▸ **INSTRUCTIONS TO FOLLOW**: Collect all lines from the listing that include the string "there".

▸ **SOURCE DATA**:
_ _ _ _ _ _ _

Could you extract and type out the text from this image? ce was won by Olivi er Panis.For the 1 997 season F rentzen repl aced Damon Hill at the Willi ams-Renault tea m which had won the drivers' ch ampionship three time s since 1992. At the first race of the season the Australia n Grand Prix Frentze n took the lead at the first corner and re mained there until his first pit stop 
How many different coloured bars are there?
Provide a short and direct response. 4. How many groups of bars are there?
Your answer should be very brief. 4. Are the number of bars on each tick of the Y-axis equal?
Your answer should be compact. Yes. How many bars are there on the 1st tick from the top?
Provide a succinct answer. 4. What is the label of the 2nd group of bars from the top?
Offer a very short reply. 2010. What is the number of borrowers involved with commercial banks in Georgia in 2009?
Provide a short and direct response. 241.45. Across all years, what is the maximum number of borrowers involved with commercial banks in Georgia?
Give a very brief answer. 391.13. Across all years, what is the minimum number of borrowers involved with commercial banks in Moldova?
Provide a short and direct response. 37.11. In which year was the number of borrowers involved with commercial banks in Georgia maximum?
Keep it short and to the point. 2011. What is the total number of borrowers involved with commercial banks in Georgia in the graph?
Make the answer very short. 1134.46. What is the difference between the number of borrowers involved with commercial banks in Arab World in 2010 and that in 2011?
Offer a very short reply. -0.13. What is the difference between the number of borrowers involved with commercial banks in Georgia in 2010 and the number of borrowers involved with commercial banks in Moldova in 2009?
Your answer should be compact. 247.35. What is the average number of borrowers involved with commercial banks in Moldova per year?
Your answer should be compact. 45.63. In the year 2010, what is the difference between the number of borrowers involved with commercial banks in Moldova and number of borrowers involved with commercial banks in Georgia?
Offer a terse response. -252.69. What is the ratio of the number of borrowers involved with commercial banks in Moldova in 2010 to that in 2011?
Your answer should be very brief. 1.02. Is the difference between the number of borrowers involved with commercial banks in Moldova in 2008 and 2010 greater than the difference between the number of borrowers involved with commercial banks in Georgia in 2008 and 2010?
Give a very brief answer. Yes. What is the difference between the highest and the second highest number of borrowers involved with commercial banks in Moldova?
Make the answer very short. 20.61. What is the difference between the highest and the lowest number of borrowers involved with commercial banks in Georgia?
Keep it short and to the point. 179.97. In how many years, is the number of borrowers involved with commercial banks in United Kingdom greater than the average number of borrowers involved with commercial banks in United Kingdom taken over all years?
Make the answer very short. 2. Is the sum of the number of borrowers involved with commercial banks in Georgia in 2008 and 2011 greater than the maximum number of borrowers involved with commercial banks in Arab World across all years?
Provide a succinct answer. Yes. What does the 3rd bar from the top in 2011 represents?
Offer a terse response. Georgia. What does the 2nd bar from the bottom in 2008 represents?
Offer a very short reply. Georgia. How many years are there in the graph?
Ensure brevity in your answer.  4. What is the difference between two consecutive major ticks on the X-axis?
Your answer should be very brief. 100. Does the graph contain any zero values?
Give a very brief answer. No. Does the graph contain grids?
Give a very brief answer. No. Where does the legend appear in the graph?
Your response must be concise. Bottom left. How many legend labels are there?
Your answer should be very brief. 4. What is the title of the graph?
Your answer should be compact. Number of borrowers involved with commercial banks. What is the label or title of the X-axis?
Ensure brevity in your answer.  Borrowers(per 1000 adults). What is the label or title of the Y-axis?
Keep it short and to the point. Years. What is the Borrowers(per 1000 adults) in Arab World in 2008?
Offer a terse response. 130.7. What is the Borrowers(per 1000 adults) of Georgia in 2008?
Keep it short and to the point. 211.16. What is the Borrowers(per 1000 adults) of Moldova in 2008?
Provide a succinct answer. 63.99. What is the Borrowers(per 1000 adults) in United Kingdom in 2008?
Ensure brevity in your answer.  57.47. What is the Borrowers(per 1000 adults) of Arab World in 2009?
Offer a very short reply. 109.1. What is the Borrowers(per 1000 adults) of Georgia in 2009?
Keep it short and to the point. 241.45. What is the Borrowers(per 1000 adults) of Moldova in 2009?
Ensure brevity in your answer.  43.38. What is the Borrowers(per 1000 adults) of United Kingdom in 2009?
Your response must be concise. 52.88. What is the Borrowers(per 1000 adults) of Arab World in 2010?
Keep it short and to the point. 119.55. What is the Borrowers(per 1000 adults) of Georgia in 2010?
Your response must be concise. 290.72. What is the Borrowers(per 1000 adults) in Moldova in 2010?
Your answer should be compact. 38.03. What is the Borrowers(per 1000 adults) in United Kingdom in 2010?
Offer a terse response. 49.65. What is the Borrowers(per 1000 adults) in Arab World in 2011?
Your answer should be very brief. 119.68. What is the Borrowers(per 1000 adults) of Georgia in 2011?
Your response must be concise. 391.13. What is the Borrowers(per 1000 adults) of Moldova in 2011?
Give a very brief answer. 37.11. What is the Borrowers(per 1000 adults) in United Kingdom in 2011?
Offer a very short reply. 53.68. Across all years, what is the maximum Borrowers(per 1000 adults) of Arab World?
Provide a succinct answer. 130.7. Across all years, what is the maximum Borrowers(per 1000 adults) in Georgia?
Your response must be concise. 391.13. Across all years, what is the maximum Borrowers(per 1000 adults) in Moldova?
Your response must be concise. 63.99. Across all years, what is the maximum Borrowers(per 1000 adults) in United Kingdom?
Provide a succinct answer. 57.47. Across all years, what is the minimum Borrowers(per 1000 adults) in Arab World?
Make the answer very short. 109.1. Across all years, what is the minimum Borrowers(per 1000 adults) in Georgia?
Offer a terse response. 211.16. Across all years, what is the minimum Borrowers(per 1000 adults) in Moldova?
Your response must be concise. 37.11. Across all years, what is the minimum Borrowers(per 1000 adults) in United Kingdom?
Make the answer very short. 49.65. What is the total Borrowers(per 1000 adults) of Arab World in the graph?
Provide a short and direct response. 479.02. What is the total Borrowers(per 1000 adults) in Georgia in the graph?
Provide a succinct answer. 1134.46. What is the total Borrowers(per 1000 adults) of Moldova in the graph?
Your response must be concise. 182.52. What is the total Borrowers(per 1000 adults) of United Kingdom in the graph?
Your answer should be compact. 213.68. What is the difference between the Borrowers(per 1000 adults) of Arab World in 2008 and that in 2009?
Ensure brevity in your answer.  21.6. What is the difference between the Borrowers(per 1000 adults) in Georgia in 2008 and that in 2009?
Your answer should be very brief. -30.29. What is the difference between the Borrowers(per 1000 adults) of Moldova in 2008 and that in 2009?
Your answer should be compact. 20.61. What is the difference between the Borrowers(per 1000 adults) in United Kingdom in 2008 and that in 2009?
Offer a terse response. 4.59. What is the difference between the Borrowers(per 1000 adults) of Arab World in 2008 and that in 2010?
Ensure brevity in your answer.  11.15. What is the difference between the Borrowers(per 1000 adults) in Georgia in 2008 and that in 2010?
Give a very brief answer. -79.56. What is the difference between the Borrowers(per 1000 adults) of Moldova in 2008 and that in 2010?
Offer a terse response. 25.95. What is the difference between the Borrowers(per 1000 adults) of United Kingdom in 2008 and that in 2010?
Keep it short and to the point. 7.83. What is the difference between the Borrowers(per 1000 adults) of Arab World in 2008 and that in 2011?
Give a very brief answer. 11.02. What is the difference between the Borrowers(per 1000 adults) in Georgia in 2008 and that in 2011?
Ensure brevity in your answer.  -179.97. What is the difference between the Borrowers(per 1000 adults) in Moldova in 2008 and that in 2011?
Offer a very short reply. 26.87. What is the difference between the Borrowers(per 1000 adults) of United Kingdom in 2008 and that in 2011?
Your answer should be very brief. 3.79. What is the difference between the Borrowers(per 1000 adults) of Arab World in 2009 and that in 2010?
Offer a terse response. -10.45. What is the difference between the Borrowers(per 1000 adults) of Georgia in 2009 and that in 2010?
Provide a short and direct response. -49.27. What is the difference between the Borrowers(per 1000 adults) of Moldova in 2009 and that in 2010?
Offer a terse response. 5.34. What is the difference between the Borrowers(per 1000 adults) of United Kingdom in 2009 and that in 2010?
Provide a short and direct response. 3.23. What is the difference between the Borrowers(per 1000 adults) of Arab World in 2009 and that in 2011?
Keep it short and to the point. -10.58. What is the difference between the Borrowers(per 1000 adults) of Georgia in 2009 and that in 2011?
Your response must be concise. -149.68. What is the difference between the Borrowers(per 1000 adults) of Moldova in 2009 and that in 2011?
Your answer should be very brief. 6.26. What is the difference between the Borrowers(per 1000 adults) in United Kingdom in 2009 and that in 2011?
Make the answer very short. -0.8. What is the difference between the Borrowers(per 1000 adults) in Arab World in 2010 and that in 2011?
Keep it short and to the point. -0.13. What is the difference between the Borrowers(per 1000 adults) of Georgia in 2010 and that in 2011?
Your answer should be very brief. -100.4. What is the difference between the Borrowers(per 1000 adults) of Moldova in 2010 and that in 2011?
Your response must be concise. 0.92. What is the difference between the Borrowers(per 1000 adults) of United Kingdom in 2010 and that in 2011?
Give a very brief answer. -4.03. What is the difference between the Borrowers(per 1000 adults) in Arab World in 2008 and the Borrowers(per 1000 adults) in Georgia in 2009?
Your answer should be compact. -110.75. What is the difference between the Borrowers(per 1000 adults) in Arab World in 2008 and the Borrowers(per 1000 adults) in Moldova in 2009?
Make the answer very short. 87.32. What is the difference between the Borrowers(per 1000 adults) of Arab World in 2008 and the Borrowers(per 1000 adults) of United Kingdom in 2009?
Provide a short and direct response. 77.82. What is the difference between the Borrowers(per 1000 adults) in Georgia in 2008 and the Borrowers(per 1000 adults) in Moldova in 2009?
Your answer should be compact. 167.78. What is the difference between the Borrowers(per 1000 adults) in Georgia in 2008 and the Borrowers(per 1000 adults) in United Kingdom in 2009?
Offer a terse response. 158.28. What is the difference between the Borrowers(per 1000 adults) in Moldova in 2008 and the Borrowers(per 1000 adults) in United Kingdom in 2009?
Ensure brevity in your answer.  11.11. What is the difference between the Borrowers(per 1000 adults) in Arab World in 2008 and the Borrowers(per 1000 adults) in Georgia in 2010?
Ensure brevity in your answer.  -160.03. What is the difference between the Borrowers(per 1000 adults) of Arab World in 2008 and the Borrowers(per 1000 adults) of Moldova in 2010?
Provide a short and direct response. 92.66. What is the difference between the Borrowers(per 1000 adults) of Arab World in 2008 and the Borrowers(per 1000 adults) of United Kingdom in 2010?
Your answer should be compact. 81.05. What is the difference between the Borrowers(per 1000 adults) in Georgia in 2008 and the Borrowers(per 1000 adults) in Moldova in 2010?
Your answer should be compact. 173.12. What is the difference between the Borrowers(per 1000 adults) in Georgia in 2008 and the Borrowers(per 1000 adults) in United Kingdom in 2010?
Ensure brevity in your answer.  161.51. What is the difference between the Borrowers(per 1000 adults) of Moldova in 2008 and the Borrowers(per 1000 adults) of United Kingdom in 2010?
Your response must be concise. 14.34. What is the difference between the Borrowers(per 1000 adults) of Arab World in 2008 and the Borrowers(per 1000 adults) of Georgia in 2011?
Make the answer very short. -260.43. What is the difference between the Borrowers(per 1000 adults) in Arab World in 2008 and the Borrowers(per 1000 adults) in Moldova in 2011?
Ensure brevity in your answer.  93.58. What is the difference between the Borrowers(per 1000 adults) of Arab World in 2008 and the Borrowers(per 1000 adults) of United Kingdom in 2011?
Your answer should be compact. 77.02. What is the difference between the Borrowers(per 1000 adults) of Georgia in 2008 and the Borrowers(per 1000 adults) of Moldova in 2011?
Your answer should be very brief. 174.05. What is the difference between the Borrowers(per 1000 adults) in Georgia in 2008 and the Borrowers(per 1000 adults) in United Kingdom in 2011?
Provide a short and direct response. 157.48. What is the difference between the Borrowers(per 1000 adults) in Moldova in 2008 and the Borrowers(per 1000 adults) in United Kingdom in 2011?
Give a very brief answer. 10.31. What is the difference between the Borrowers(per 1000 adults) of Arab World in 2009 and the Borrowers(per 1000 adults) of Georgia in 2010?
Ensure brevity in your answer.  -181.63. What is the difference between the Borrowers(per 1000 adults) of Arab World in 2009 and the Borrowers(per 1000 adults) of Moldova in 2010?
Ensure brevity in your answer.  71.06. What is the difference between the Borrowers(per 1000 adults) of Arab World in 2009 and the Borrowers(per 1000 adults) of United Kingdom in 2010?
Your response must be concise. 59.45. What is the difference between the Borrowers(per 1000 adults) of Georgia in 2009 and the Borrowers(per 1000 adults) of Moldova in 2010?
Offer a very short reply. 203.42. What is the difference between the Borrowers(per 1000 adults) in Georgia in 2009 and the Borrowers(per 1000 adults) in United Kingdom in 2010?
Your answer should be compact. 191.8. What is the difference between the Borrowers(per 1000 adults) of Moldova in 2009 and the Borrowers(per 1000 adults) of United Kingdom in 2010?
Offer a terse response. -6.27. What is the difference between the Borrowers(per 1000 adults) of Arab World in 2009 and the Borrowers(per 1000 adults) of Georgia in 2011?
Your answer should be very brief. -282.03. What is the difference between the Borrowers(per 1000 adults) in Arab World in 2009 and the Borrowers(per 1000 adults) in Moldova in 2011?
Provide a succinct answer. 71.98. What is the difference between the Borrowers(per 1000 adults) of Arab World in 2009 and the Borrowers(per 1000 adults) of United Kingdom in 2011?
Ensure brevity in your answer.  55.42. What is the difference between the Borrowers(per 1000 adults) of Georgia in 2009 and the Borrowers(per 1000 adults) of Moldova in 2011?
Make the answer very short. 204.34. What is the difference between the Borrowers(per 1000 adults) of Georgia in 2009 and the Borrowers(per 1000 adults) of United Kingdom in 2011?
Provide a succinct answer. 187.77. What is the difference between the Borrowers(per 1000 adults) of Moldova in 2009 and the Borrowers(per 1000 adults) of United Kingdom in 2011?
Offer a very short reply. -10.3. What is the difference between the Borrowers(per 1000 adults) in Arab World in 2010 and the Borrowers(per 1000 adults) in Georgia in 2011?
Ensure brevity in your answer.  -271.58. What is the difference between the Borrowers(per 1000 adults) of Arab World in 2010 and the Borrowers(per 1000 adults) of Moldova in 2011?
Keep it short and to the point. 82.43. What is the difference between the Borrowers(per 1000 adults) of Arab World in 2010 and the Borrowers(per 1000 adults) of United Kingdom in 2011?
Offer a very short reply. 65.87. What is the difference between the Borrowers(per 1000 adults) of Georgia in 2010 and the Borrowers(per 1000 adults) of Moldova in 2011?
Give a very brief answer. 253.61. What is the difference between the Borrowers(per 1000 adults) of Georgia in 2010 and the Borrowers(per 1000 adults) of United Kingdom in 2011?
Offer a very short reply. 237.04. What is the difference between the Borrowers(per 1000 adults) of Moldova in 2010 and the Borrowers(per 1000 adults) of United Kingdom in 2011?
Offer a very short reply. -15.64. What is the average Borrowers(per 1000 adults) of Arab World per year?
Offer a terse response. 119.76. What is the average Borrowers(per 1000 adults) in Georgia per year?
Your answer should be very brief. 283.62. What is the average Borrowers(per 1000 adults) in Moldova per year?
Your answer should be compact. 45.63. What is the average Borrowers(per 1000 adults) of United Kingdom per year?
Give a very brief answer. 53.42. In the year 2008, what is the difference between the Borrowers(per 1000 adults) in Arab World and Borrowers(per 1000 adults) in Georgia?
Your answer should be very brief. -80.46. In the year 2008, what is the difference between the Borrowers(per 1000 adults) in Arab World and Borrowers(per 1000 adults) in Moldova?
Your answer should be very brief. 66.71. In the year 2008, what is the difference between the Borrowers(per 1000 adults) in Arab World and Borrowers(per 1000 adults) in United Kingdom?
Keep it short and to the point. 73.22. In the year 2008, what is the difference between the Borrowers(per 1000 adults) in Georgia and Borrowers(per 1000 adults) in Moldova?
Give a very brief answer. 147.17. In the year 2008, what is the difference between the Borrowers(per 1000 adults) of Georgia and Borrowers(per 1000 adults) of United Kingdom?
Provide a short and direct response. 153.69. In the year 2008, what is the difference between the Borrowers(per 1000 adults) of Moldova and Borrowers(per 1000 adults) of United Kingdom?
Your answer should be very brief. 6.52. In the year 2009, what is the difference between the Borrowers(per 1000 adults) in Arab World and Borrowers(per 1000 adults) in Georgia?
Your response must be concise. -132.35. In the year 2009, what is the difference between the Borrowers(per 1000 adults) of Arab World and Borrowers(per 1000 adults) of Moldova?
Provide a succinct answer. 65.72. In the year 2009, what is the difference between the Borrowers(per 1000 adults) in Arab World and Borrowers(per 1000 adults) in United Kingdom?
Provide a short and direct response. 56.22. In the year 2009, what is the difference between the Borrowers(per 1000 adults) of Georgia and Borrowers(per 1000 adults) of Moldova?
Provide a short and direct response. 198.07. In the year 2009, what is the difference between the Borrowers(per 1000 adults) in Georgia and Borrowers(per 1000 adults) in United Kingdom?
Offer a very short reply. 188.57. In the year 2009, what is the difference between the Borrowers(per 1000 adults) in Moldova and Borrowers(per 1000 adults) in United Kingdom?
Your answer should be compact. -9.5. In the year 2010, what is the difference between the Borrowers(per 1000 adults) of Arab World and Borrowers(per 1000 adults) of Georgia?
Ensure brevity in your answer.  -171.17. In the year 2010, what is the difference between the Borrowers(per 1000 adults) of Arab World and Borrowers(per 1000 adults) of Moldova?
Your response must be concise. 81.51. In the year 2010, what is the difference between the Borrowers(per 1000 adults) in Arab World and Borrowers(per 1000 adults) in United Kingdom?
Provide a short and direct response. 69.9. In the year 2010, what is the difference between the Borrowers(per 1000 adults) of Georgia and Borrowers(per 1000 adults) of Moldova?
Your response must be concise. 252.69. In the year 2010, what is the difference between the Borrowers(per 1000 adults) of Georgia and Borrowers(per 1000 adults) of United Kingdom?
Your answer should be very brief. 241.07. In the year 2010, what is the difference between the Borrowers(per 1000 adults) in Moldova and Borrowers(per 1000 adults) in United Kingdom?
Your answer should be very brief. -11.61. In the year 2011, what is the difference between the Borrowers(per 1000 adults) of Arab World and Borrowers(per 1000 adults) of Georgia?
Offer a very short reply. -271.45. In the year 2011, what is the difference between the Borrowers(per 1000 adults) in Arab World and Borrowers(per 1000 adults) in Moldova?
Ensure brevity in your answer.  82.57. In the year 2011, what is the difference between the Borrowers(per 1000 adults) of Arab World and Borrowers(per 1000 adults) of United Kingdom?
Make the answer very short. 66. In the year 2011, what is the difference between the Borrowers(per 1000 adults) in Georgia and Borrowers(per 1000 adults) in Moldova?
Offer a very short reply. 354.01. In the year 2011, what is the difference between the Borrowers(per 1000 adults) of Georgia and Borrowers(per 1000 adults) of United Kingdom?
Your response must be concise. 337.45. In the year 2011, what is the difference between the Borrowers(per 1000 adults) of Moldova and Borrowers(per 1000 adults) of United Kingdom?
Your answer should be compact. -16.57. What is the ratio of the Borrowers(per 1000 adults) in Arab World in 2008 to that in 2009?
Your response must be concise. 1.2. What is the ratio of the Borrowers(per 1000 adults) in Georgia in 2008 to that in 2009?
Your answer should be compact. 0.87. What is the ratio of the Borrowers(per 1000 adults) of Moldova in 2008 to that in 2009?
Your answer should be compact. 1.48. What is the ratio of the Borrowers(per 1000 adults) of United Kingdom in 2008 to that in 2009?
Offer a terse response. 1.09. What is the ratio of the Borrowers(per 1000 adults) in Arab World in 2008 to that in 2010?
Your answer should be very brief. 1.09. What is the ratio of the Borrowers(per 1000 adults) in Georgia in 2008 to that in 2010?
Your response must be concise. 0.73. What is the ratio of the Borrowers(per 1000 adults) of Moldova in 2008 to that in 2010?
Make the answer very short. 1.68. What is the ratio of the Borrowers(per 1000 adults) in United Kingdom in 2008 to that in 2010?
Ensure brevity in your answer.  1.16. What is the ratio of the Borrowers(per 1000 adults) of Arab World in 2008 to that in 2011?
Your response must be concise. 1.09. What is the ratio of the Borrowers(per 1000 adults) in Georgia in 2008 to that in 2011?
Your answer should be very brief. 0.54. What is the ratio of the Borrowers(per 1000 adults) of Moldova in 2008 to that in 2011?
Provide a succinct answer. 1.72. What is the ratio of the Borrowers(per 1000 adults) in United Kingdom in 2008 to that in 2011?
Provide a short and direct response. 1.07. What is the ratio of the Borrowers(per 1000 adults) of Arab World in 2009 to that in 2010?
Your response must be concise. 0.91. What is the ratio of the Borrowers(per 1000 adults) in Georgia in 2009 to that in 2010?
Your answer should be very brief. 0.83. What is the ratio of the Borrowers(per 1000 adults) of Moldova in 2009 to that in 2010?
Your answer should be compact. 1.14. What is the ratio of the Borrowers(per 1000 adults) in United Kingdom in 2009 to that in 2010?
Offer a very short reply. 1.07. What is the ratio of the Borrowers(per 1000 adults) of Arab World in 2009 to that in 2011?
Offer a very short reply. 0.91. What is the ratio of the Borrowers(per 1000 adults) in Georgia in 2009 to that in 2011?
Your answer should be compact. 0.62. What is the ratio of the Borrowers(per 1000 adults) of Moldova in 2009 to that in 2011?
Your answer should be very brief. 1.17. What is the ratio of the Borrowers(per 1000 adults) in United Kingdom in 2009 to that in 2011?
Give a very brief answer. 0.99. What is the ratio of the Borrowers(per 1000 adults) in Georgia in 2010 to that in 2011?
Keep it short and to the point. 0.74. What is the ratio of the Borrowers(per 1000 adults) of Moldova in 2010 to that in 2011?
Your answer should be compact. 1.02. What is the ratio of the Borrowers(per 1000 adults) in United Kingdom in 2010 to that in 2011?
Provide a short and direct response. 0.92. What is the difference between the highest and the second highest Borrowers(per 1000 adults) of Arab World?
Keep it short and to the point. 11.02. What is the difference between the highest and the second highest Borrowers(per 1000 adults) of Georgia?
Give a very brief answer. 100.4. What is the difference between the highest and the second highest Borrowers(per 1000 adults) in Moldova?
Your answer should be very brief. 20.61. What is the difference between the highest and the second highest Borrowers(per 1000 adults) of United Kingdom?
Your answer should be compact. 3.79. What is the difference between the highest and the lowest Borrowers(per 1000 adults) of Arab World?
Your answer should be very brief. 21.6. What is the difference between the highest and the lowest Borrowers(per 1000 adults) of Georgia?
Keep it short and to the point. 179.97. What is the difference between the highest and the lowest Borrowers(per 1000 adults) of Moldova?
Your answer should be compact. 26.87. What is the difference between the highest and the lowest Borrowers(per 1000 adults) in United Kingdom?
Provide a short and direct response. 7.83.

_ _ _ _ _ _ _

▸ **FINISHED EXERCISE**:
Could you extract and type out the text from this image? ce was won by Olivi er Panis.For the 1 997 season F rentzen repl aced Damon Hill at the Willi ams-Renault tea m which had won the drivers' ch ampionship three time s since 1992. At the first race of the season the Australia n Grand Prix Frentze n took the lead at the first corner and re mained there until his first pit stop 
How many different coloured bars are there?
Provide a short and direct response. 4. How many groups of bars are there?
Your answer should be compact. Yes. How many bars are there on the 1st tick from the top?
Offer a very short reply. Georgia. How many years are there in the graph?
Your response must be concise. Bottom left. How many legend labels are there?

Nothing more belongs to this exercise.